== Segment start ==

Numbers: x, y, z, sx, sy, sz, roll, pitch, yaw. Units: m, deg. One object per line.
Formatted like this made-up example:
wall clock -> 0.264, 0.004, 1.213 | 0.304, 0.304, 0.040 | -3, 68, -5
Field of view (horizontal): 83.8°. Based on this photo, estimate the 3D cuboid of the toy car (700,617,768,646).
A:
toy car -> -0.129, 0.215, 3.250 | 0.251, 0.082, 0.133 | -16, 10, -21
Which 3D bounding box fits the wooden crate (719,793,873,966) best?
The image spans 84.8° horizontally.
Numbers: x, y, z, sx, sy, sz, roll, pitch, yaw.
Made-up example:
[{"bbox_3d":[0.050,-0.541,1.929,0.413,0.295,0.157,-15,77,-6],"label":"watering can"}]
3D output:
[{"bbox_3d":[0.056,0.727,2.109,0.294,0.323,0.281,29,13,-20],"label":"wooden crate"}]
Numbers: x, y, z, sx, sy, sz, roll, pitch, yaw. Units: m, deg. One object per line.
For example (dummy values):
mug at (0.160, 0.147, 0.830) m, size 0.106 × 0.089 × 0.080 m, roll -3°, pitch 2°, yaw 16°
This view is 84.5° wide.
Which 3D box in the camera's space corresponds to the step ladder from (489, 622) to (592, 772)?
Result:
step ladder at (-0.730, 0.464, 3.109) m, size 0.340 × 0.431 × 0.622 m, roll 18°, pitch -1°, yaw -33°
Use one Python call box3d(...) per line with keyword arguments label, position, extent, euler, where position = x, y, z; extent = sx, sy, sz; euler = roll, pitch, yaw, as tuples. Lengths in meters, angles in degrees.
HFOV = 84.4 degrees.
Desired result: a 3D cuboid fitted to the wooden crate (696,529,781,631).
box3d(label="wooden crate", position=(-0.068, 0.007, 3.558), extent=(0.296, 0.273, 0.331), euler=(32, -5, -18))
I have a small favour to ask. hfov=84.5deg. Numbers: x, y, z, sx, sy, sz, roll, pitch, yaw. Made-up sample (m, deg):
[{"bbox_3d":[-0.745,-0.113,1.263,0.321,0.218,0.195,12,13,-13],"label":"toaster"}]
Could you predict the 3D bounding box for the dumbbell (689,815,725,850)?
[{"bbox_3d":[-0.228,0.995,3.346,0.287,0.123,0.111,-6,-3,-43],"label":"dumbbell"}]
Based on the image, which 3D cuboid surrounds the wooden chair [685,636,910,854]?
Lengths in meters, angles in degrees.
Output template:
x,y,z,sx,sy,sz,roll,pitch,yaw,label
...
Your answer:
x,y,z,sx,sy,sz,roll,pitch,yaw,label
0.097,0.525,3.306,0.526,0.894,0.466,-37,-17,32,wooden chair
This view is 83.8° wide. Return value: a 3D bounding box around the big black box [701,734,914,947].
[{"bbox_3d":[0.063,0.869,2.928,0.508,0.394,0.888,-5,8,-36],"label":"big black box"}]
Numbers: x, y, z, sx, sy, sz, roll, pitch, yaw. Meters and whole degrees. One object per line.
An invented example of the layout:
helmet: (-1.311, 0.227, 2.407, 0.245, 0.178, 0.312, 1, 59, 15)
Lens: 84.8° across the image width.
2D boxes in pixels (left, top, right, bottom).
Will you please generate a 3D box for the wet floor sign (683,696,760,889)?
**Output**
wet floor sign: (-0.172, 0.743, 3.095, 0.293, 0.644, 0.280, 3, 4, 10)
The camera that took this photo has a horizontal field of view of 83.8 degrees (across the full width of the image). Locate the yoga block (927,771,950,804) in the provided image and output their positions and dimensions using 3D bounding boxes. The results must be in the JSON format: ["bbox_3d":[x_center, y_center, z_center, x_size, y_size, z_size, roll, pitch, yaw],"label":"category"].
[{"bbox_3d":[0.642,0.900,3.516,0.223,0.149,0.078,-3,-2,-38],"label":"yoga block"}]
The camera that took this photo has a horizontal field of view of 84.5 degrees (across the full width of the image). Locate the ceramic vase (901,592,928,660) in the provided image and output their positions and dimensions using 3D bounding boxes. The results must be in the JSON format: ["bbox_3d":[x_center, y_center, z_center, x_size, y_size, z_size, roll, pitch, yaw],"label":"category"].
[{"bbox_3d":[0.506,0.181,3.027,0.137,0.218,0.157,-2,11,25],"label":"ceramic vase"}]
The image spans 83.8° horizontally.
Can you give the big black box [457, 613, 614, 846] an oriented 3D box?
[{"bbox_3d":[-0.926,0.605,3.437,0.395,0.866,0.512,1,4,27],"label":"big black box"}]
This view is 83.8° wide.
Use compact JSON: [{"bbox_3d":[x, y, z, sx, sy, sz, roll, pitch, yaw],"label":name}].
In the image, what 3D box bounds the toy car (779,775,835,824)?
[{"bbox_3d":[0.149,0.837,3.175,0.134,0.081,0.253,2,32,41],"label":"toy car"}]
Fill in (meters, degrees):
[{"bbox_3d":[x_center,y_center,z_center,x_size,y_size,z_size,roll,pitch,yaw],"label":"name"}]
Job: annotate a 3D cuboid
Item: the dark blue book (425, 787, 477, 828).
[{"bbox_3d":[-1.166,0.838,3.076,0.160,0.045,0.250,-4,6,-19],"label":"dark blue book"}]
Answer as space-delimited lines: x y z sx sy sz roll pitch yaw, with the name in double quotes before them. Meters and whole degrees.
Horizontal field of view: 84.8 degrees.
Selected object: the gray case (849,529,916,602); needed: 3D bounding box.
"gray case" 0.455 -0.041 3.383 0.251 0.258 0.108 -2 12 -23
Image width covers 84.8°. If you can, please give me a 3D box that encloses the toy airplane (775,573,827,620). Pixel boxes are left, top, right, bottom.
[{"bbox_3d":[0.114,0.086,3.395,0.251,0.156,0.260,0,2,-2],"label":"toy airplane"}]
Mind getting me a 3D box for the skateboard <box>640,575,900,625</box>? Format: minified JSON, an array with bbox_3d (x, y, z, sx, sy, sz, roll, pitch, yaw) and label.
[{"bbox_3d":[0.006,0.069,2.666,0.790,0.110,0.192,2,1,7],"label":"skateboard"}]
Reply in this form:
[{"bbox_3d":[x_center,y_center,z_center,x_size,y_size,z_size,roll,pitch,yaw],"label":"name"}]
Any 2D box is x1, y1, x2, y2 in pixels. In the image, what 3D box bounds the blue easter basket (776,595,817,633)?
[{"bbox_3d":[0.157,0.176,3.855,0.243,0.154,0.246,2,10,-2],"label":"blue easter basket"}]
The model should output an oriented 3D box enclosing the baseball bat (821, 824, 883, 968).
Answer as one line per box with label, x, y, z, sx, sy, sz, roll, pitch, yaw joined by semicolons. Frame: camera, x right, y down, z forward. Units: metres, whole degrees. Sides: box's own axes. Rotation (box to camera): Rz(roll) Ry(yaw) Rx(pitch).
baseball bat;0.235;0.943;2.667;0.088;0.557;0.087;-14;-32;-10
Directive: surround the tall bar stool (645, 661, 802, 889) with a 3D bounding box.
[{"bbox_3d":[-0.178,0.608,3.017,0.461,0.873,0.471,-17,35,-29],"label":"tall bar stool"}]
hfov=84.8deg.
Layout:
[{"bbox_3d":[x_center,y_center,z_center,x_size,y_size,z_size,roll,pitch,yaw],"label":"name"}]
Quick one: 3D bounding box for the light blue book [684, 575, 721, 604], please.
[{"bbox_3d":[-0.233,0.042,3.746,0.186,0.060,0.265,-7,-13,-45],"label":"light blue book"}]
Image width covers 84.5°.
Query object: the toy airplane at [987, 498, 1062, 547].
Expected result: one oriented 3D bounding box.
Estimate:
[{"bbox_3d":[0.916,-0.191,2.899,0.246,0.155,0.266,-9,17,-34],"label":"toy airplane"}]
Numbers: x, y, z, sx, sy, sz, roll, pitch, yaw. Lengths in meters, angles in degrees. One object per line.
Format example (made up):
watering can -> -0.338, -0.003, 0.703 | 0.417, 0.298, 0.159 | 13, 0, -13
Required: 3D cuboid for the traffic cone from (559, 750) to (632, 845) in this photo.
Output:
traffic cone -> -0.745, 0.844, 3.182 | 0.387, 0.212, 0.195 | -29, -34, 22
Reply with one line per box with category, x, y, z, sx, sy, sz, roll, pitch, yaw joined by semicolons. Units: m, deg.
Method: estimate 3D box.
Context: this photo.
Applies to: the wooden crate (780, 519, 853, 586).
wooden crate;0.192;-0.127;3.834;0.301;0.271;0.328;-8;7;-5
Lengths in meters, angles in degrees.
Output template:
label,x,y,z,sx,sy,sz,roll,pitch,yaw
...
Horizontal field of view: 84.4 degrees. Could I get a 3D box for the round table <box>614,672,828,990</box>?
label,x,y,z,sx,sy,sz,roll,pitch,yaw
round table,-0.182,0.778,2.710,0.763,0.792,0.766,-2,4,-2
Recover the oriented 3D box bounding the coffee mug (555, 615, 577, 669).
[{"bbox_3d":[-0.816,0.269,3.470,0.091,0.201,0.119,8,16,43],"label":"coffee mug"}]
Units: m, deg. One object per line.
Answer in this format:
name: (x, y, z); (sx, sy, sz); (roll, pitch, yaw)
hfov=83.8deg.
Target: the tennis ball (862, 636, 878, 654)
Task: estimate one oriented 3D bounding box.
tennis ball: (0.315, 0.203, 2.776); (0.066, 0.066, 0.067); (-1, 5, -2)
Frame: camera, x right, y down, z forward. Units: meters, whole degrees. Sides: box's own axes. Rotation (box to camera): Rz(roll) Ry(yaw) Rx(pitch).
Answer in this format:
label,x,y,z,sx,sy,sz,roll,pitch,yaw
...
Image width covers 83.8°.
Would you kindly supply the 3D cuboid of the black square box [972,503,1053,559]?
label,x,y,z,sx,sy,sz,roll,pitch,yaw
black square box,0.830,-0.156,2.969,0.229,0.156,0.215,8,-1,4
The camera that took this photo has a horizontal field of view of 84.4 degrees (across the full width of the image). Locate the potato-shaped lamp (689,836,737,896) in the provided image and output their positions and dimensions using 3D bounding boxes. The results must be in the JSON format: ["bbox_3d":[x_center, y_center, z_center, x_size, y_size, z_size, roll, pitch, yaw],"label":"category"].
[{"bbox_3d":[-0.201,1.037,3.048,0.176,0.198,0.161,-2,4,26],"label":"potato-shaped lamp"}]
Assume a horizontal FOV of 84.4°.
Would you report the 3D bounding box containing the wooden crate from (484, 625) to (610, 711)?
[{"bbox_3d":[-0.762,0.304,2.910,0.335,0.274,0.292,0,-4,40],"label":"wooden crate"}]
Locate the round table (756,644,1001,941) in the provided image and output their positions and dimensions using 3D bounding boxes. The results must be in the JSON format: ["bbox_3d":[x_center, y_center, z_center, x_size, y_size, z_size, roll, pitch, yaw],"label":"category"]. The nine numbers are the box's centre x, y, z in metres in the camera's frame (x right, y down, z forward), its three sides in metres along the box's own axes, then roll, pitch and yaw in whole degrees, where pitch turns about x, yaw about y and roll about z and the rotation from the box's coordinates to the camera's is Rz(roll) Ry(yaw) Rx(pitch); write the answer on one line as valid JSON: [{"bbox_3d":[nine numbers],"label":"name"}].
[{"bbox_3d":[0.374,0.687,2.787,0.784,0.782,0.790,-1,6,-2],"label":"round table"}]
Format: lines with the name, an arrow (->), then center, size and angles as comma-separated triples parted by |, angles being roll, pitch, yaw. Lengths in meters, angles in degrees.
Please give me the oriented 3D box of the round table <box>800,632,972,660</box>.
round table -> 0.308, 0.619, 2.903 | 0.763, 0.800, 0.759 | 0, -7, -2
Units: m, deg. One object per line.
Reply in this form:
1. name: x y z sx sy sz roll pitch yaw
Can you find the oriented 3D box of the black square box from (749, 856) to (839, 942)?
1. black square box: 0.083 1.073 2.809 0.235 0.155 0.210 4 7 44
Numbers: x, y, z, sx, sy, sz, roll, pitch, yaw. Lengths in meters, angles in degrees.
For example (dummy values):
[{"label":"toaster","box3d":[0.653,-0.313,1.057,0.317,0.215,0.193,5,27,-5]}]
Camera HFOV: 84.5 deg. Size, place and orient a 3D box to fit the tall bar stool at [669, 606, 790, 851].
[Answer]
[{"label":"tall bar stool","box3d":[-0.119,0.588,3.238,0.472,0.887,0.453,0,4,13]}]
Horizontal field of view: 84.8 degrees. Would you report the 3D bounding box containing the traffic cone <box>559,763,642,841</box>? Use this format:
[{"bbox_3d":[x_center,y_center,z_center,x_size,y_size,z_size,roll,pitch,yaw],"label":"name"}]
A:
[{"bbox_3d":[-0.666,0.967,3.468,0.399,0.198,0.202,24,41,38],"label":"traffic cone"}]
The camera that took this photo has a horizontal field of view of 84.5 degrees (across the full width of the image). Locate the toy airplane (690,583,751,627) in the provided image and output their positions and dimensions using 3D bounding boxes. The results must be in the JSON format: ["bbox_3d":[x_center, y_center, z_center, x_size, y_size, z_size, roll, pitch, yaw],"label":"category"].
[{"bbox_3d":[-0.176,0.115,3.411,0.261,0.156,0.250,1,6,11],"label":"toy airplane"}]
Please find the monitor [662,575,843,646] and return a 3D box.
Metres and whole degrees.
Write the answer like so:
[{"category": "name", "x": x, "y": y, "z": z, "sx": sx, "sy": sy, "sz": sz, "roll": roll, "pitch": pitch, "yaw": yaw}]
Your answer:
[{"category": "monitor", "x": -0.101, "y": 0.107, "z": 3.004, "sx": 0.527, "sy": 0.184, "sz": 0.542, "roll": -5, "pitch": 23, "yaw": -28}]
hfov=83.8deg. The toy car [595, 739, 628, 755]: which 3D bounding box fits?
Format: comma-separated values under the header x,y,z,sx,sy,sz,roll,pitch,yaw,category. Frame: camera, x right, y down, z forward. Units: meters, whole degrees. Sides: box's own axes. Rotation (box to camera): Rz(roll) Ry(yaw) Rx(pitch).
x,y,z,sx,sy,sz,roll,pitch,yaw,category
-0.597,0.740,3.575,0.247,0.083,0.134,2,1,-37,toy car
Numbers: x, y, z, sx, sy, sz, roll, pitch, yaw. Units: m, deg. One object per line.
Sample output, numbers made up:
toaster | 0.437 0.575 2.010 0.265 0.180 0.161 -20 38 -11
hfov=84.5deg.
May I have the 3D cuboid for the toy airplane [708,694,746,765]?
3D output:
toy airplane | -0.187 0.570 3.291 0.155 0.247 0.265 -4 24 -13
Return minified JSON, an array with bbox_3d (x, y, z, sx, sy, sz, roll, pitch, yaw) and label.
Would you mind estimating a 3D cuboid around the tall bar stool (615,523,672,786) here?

== Segment end ==

**Work task**
Report each line in the entries where the string "like" occurs.

**Your solution**
Formatted like this made-up example:
Write the answer like so:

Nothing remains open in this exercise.